## AIM OF THE TASK
The result should be the full listing copied exactly, with no pictures in it.

## STUDY MATERIAL
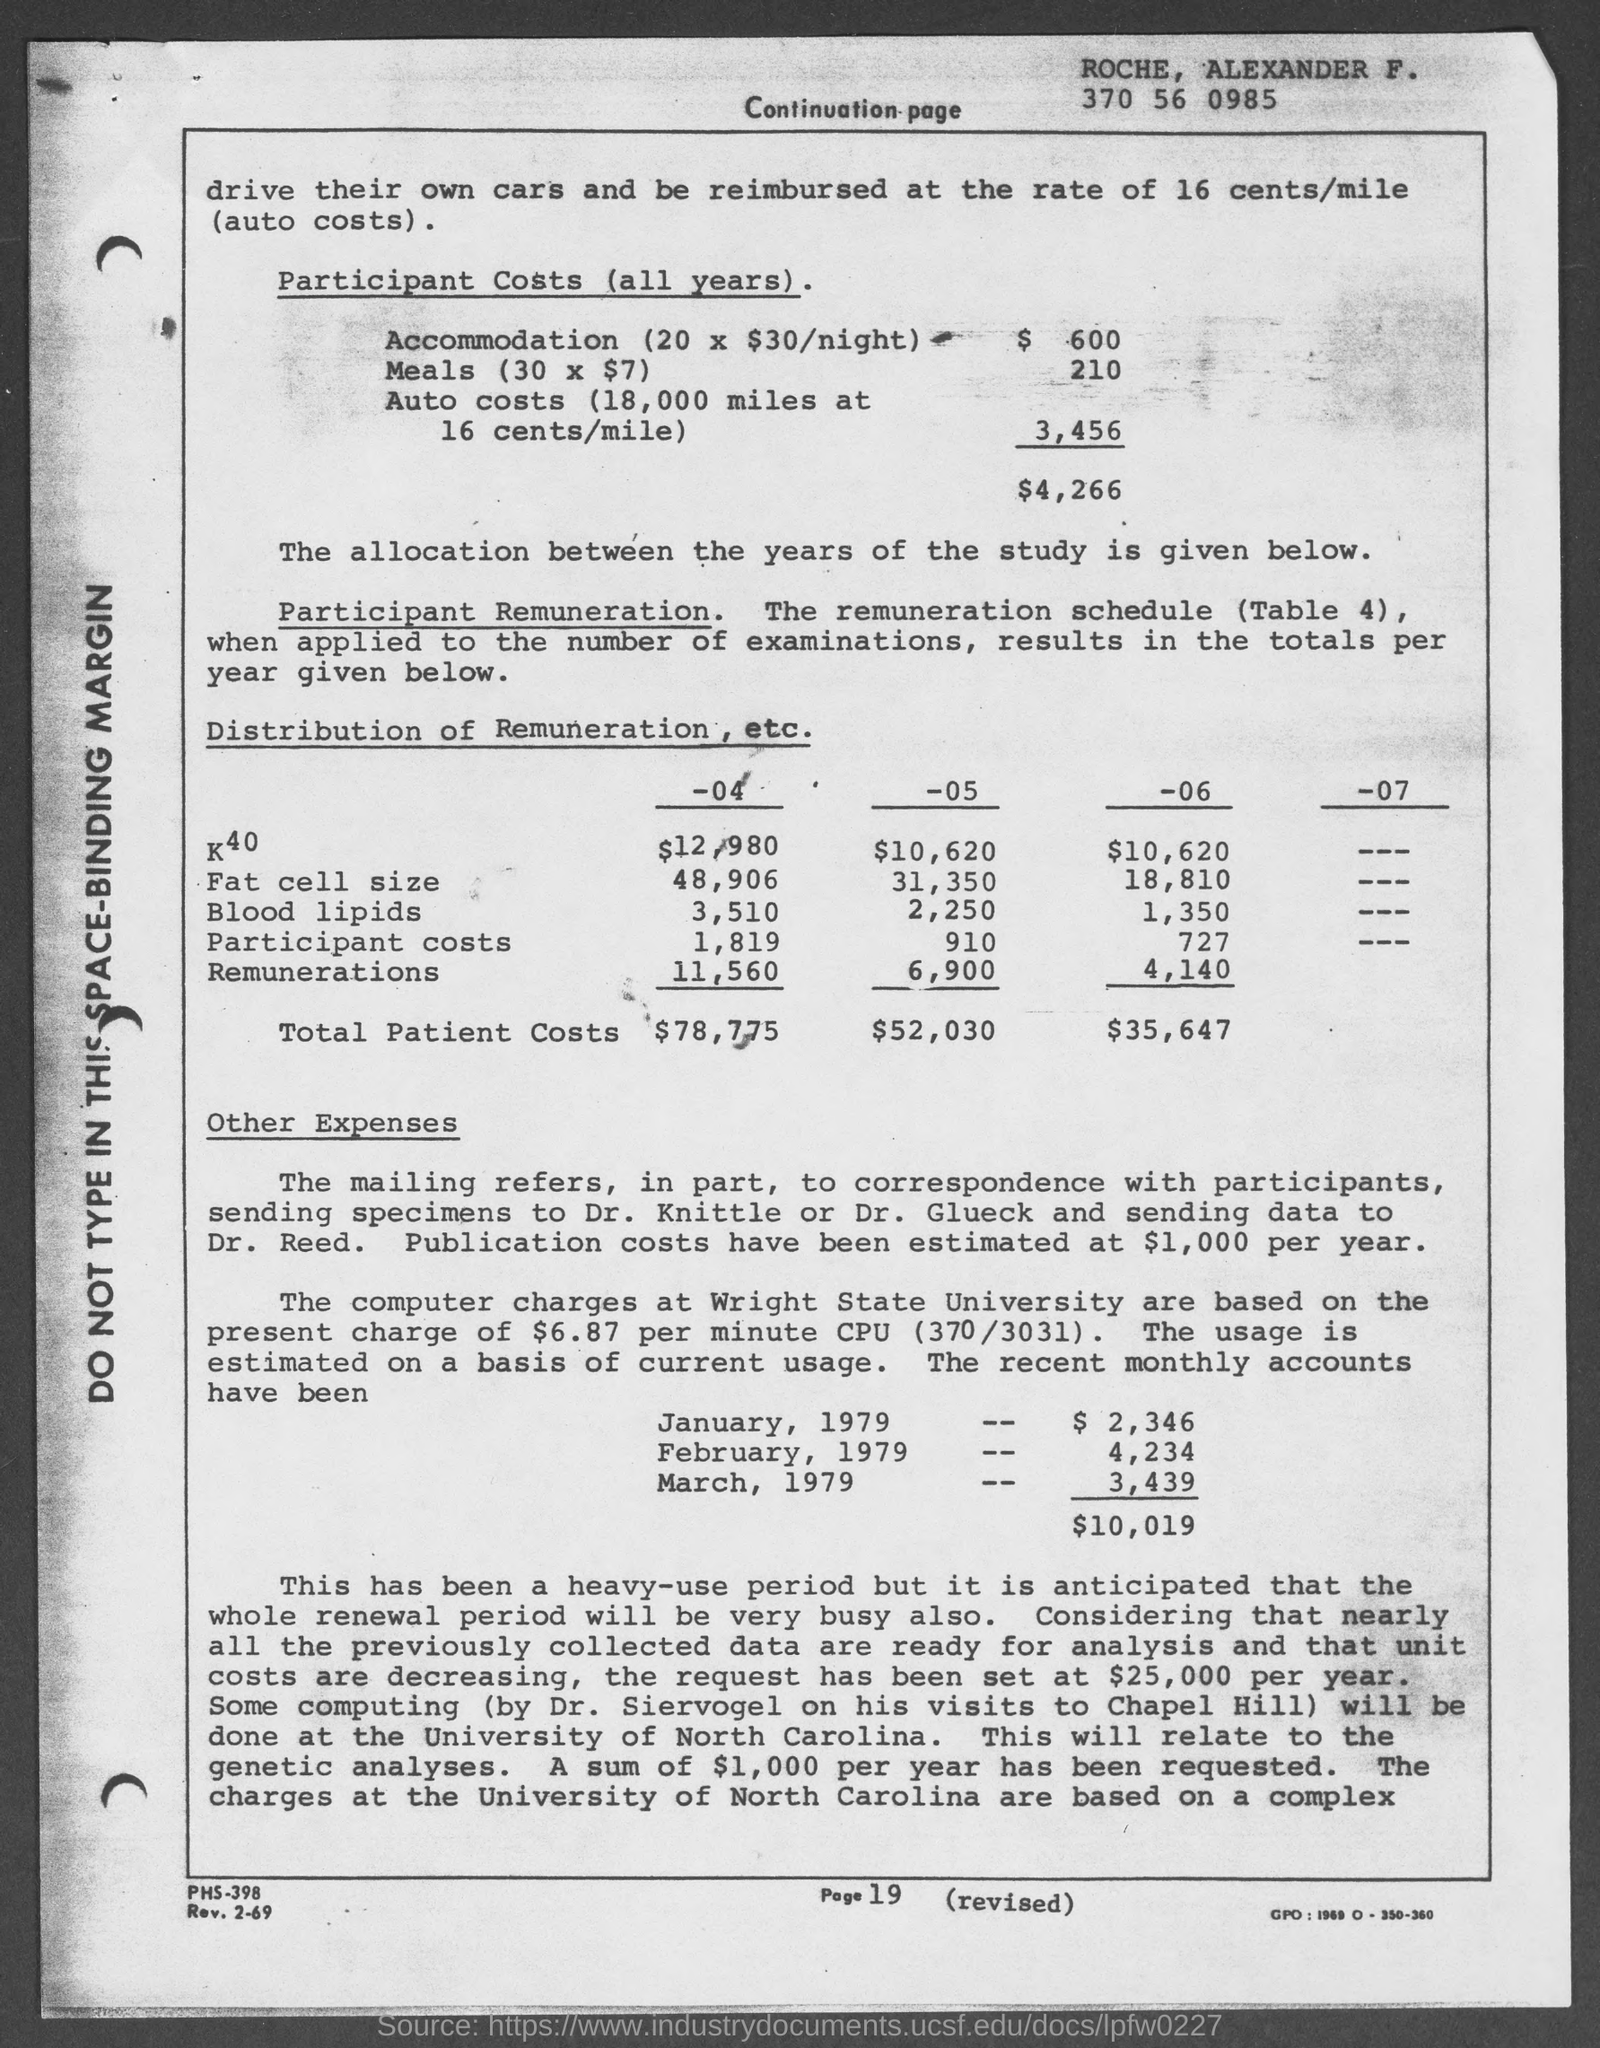What is the page number at bottom of the page?
Your response must be concise. 19. 
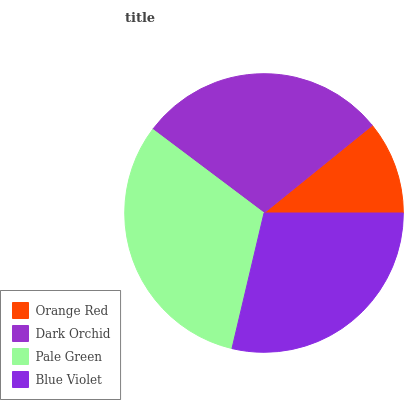Is Orange Red the minimum?
Answer yes or no. Yes. Is Pale Green the maximum?
Answer yes or no. Yes. Is Dark Orchid the minimum?
Answer yes or no. No. Is Dark Orchid the maximum?
Answer yes or no. No. Is Dark Orchid greater than Orange Red?
Answer yes or no. Yes. Is Orange Red less than Dark Orchid?
Answer yes or no. Yes. Is Orange Red greater than Dark Orchid?
Answer yes or no. No. Is Dark Orchid less than Orange Red?
Answer yes or no. No. Is Dark Orchid the high median?
Answer yes or no. Yes. Is Blue Violet the low median?
Answer yes or no. Yes. Is Blue Violet the high median?
Answer yes or no. No. Is Orange Red the low median?
Answer yes or no. No. 
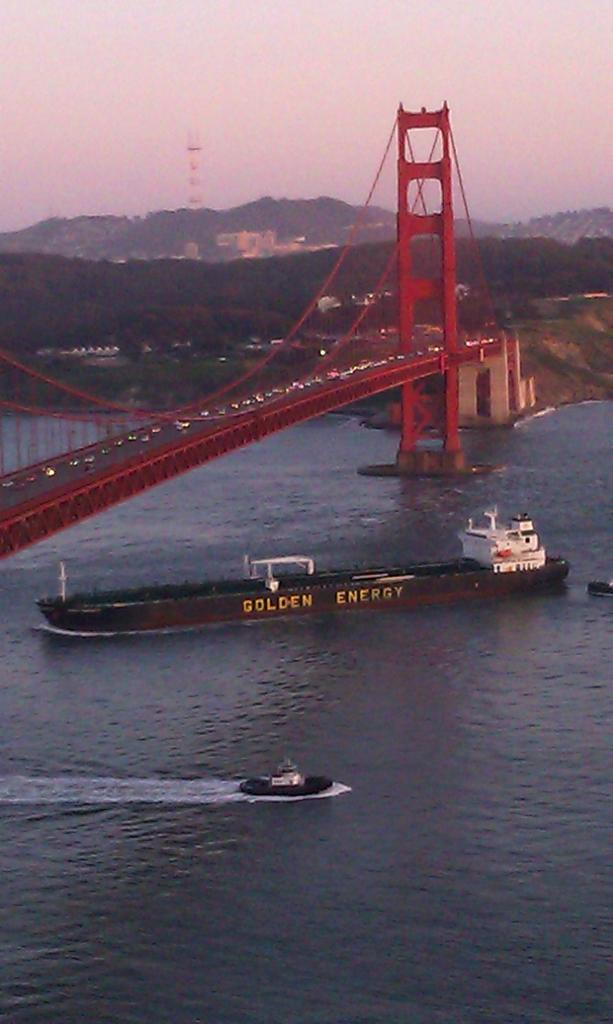What color is the ship in the image? The ship in the image is brown-colored. Where is the ship located? The ship is on the water. What other watercraft is visible in the image? There is a boat beside the ship. What can be seen above the ship in the image? There is a red-colored bridge above the ship. What type of natural scenery is visible in the background of the image? Trees are present in the background of the image. What type of shoe can be seen hanging from the bridge in the image? There is no shoe hanging from the bridge in the image; it only features a red-colored bridge above the ship. 
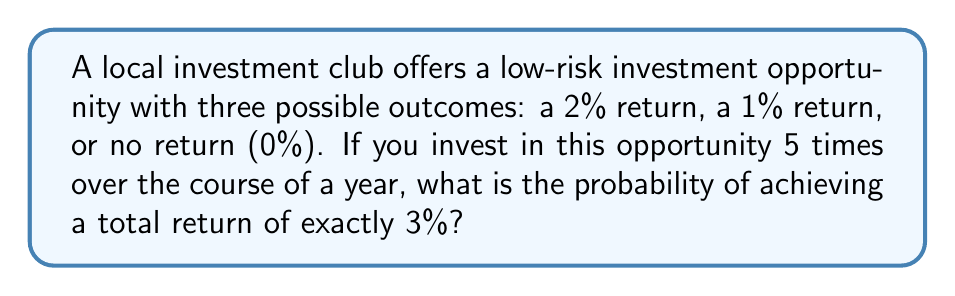Teach me how to tackle this problem. Let's approach this step-by-step:

1) First, we need to identify the possible combinations that would result in a 3% total return. These are:
   - One 2% return and one 1% return
   - Three 1% returns

2) Let's calculate the number of ways each of these can occur:

   a) One 2% return and one 1% return:
      We need to choose 1 position for the 2% return out of 5, and 1 position for the 1% return out of the remaining 4.
      This can be done in $\binom{5}{1} \cdot \binom{4}{1} = 5 \cdot 4 = 20$ ways.

   b) Three 1% returns:
      We need to choose 3 positions for the 1% returns out of 5.
      This can be done in $\binom{5}{3} = 10$ ways.

3) Now, let's calculate the probability of each outcome:
   - Probability of 2% return: $\frac{1}{3}$
   - Probability of 1% return: $\frac{1}{3}$
   - Probability of 0% return: $\frac{1}{3}$

4) For scenario (a), the probability is:
   $20 \cdot (\frac{1}{3})^1 \cdot (\frac{1}{3})^1 \cdot (\frac{1}{3})^3 = \frac{20}{243}$

5) For scenario (b), the probability is:
   $10 \cdot (\frac{1}{3})^3 \cdot (\frac{1}{3})^2 = \frac{10}{243}$

6) The total probability is the sum of these two scenarios:
   $\frac{20}{243} + \frac{10}{243} = \frac{30}{243} = \frac{10}{81}$

Therefore, the probability of achieving exactly a 3% return over 5 investments is $\frac{10}{81}$.
Answer: $\frac{10}{81}$ or approximately 0.1235 (12.35%) 
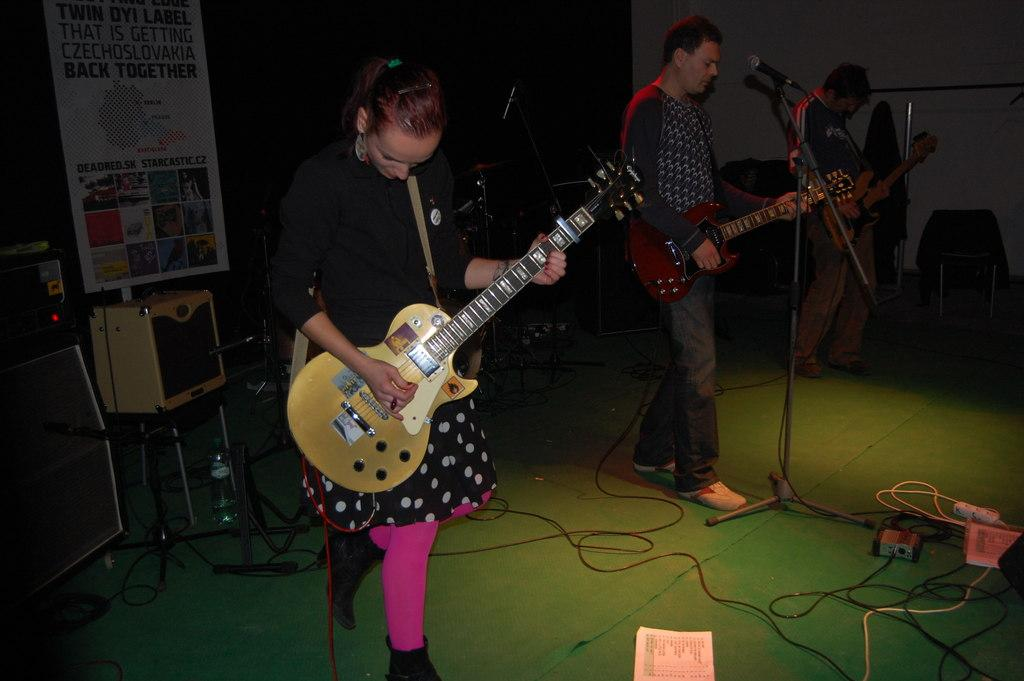What is the woman in the image doing? The woman is playing a guitar in the image. What is the woman wearing? The woman is wearing a black dress. How many other persons are in the image? There are two other persons in the image. What are the other two persons doing? The other two persons are also playing guitars. What object is present for amplifying sound? There is a microphone in the image. What type of chair is the woman sitting on while playing the guitar? There is no chair visible in the image; the woman is standing while playing the guitar. What color are the woman's teeth in the image? The woman's teeth are not visible in the image, so it cannot be determined what color they are.

## ANSWER SPACE
What is the page number at bottom of the page?
Your response must be concise. 19. 
Is Orange Red the minimum?
Answer yes or no. Yes. Is Pale Green the maximum?
Answer yes or no. Yes. Is Dark Orchid the minimum?
Answer yes or no. No. Is Dark Orchid the maximum?
Answer yes or no. No. Is Dark Orchid greater than Orange Red?
Answer yes or no. Yes. Is Orange Red less than Dark Orchid?
Answer yes or no. Yes. Is Orange Red greater than Dark Orchid?
Answer yes or no. No. Is Dark Orchid less than Orange Red?
Answer yes or no. No. Is Dark Orchid the high median?
Answer yes or no. Yes. Is Blue Violet the low median?
Answer yes or no. Yes. Is Blue Violet the high median?
Answer yes or no. No. Is Orange Red the low median?
Answer yes or no. No. 
What color is the ship in the image? The ship in the image is brown-colored. Where is the ship located? The ship is on the water. What other watercraft is visible in the image? There is a boat beside the ship. What can be seen above the ship in the image? There is a red-colored bridge above the ship. What type of natural scenery is visible in the background of the image? Trees are present in the background of the image. What type of shoe can be seen hanging from the bridge in the image? There is no shoe hanging from the bridge in the image; it only features a red-colored bridge above the ship. 
Teach me how to tackle this problem. Let's approach this step-by-step:

1) First, we need to identify the possible combinations that would result in a 3% total return. These are:
   - One 2% return and one 1% return
   - Three 1% returns

2) Let's calculate the number of ways each of these can occur:

   a) One 2% return and one 1% return:
      We need to choose 1 position for the 2% return out of 5, and 1 position for the 1% return out of the remaining 4.
      This can be done in $\binom{5}{1} \cdot \binom{4}{1} = 5 \cdot 4 = 20$ ways.

   b) Three 1% returns:
      We need to choose 3 positions for the 1% returns out of 5.
      This can be done in $\binom{5}{3} = 10$ ways.

3) Now, let's calculate the probability of each outcome:
   - Probability of 2% return: $\frac{1}{3}$
   - Probability of 1% return: $\frac{1}{3}$
   - Probability of 0% return: $\frac{1}{3}$

4) For scenario (a), the probability is:
   $20 \cdot (\frac{1}{3})^1 \cdot (\frac{1}{3})^1 \cdot (\frac{1}{3})^3 = \frac{20}{243}$

5) For scenario (b), the probability is:
   $10 \cdot (\frac{1}{3})^3 \cdot (\frac{1}{3})^2 = \frac{10}{243}$

6) The total probability is the sum of these two scenarios:
   $\frac{20}{243} + \frac{10}{243} = \frac{30}{243} = \frac{10}{81}$

Therefore, the probability of achieving exactly a 3% return over 5 investments is $\frac{10}{81}$.
Answer: $\frac{10}{81}$ or approximately 0.1235 (12.35%) 
What is the woman in the image doing? The woman is playing a guitar in the image. What is the woman wearing? The woman is wearing a black dress. How many other persons are in the image? There are two other persons in the image. What are the other two persons doing? The other two persons are also playing guitars. What object is present for amplifying sound? There is a microphone in the image. What type of chair is the woman sitting on while playing the guitar? There is no chair visible in the image; the woman is standing while playing the guitar. What color are the woman's teeth in the image? The woman's teeth are not visible in the image, so it cannot be determined what color they are.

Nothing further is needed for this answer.